The possibilities for a digital future for libraries are real, and we see in the patterns of use that electronic resources are very popular. The libraries have worked over the last several years to develop collections with the appropriate mix of print and electronic, books and journals. Continual monitoring of the use of our resources will help us maintain these balances.

We have seen very large increases in our spending on electronic resources (316 percent over the last 10 years) while our budget for print increased only by 6 percent in the same period. In our journal collection, the shift from print to electronic continues – in FY03, we spent 71 percent of our budget on print and 29 percent on electronic. In the current year, we anticipate that ratio to be 47 percent print and 53 percent electronic. Annual price increases of more than 10 percent in journal subscriptions put tremendous pressure on the libraries’ book budget, which has lead us to conduct nearly annual reductions in the journal collection. Those reductions have been managed with the advice of faculty and often resulted in the conversion of a print subscription to an electronic equivalent. Our justification for such conversions is in part, the evidence we’ve gathered on the use of journals, which indicates that it has declined dramatically in recent years.

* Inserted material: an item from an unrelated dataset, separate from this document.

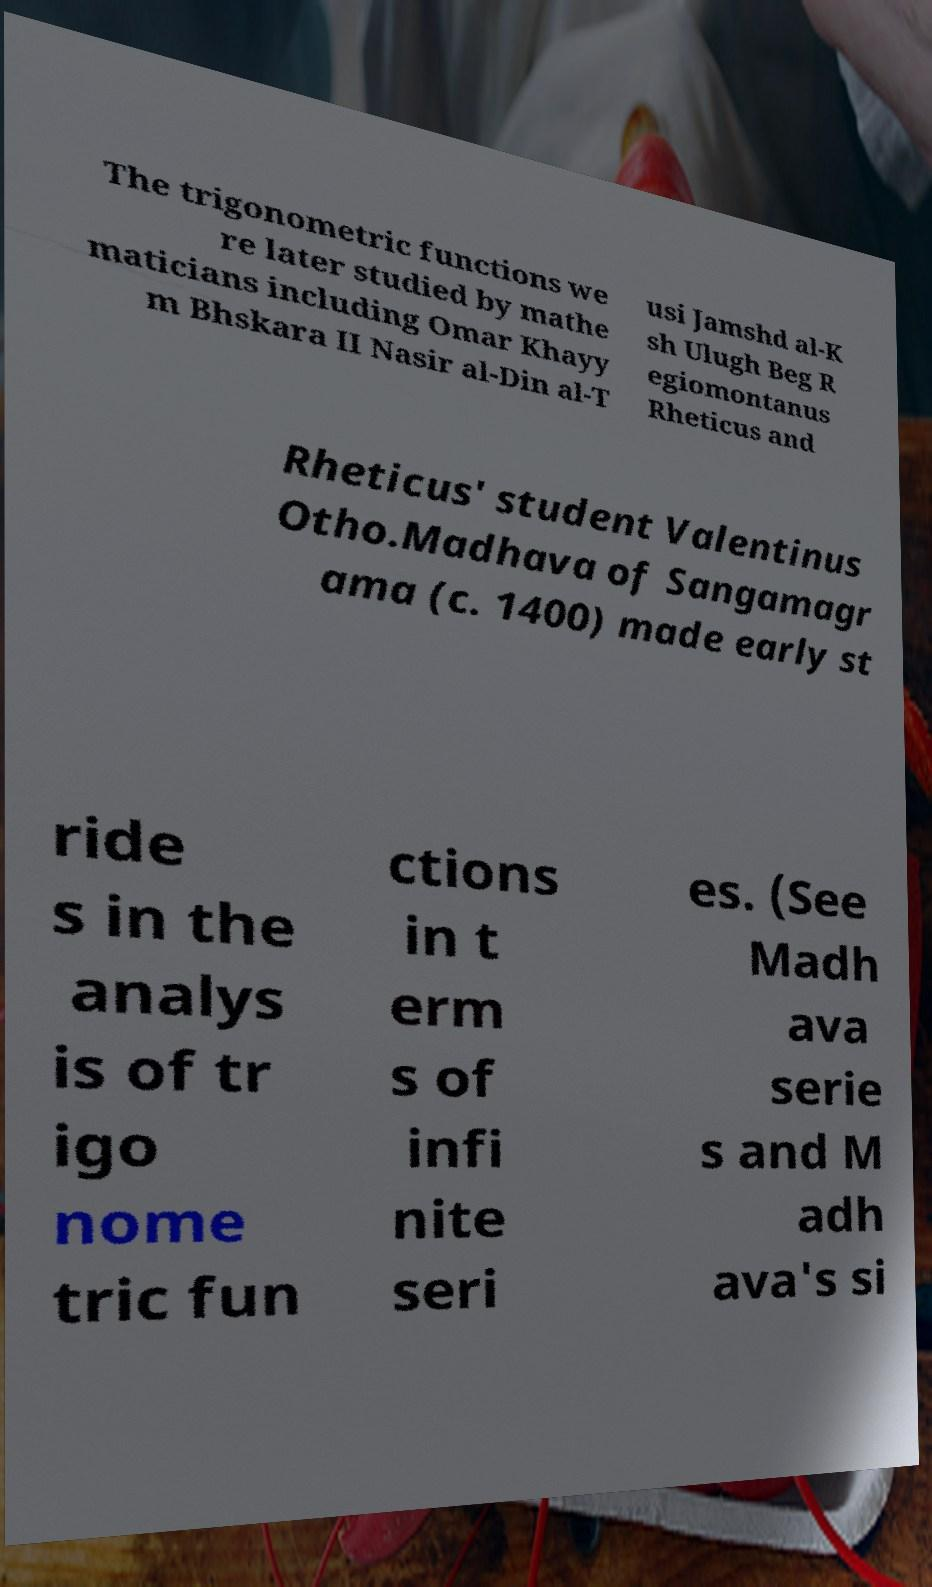For documentation purposes, I need the text within this image transcribed. Could you provide that? The trigonometric functions we re later studied by mathe maticians including Omar Khayy m Bhskara II Nasir al-Din al-T usi Jamshd al-K sh Ulugh Beg R egiomontanus Rheticus and Rheticus' student Valentinus Otho.Madhava of Sangamagr ama (c. 1400) made early st ride s in the analys is of tr igo nome tric fun ctions in t erm s of infi nite seri es. (See Madh ava serie s and M adh ava's si

The main objective for our collection development and management efforts is to provide the appropriate material to UST students and faculty in support of teaching and learning. In addition, library staff are centrally involved in the development and management of collections of digital assets to meet both administrative and academic needs, as well as to address archival and special collections challenges.

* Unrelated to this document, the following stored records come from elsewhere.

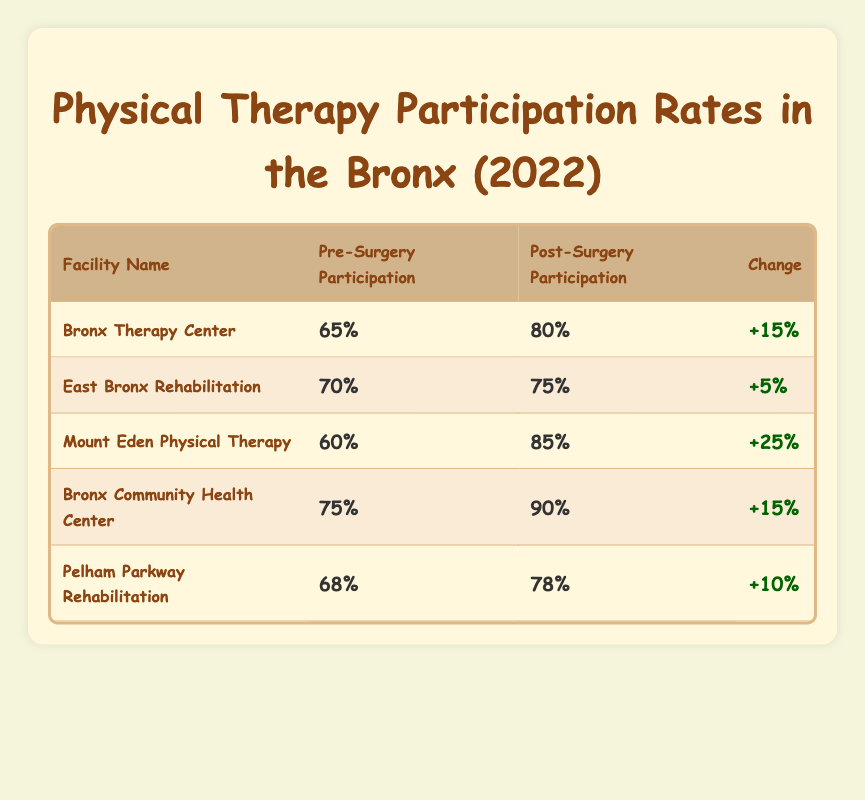What is the Pre-Surgery Participation Rate at Bronx Therapy Center? The table lists the pre-surgery participation rate for Bronx Therapy Center as 65%.
Answer: 65% Which facility had the highest Post-Surgery Participation Rate? Mount Eden Physical Therapy has the highest post-surgery participation rate at 85%.
Answer: 85% What is the change in participation rates at Bronx Community Health Center? The pre-surgery participation rate is 75% and post-surgery is 90%, so the change is 90% - 75% = 15%.
Answer: 15% Is the Post-Surgery Participation Rate at East Bronx Rehabilitation less than 80%? The post-surgery rate is 75%, which is indeed less than 80%.
Answer: Yes What is the average Pre-Surgery Participation Rate across all facilities? The pre-surgery rates are 65, 70, 60, 75, and 68. Adding these gives 338, and there are 5 facilities, so the average is 338 / 5 = 67.6%.
Answer: 67.6% Which facility had the smallest increase in participation rates? Looking at the changes: Bronx Therapy Center (+15%), East Bronx Rehabilitation (+5%), Mount Eden (+25%), Bronx Community Health Center (+15%), Pelham Parkway (+10%). East Bronx Rehabilitation had the smallest increase of +5%.
Answer: East Bronx Rehabilitation What is the difference between the highest and lowest Pre-Surgery Participation Rates? The highest rate is 75% (Bronx Community Health Center) and the lowest is 60% (Mount Eden Physical Therapy). The difference is 75% - 60% = 15%.
Answer: 15% Which two facilities had the same change in participation rates and what was that change? Bronx Therapy Center and Bronx Community Health Center both had an increase of 15% in participation rates.
Answer: 15% Is it true that Pelham Parkway Rehabilitation had a Post-Surgery Participation Rate greater than 80%? The post-surgery rate for Pelham Parkway Rehabilitation is 78%, which is not greater than 80%.
Answer: No What can you infer about the overall trend in participation rates from pre-surgery to post-surgery across all facilities? By inspecting the table, all facilities show an increase in participation rates from pre-surgery to post-surgery, indicating a positive overall trend.
Answer: Positive trend

Future directions: Community, collaboration and content

We began our assessment by looking for an answer to the question: What is our responsibility as the academic library serving the University
of St. Thomas. In the end, we’ve identified goals and objectives that focus on three major roles:

  • The library as place – supporting learning and nurturing community. We will develop a master plan for the OSF library incorporating opportunities for new services, programs and organizational structures with plans for the physical structure. Specific possibilities to be addressed include: redesign of the services desks, development of a “faculty technology and teaching” center, and the implementation of a coffee shop.
  • The library as instructor – collaborating with faculty to enhance teaching, learning and scholarship. We will continue to integrate instruction in the principles of information literacy more effectively into the library’s instructional program.
  • The library as content manager – managing collections of resources in multiple formats to meet scholarly needs of today and tomorrow. In addition to building print collections, we will develop digital collections in support of academic and administrative goals of UST through participation in the UST Digital Asset Management initiative. We will hire an associate director for virtual services to coordinate the libraries’ technology initiatives.

Our assessment resulted in much more information than can be noted here. For a copy of the complete report, please contact Julie Kimlinger in the OSF Library office, (651) 962-5005. This round of assessment is only a beginning – it is our intention to make evaluation a part of the daily life in the libraries.

As the libraries look to the future, we are excited by the opportunity to create, in partnership with our colleagues all over the UST campus, the academic library of the 21st century – an energetic and vital library that continues to stand at the center of the academic enterprise as it has for centuries.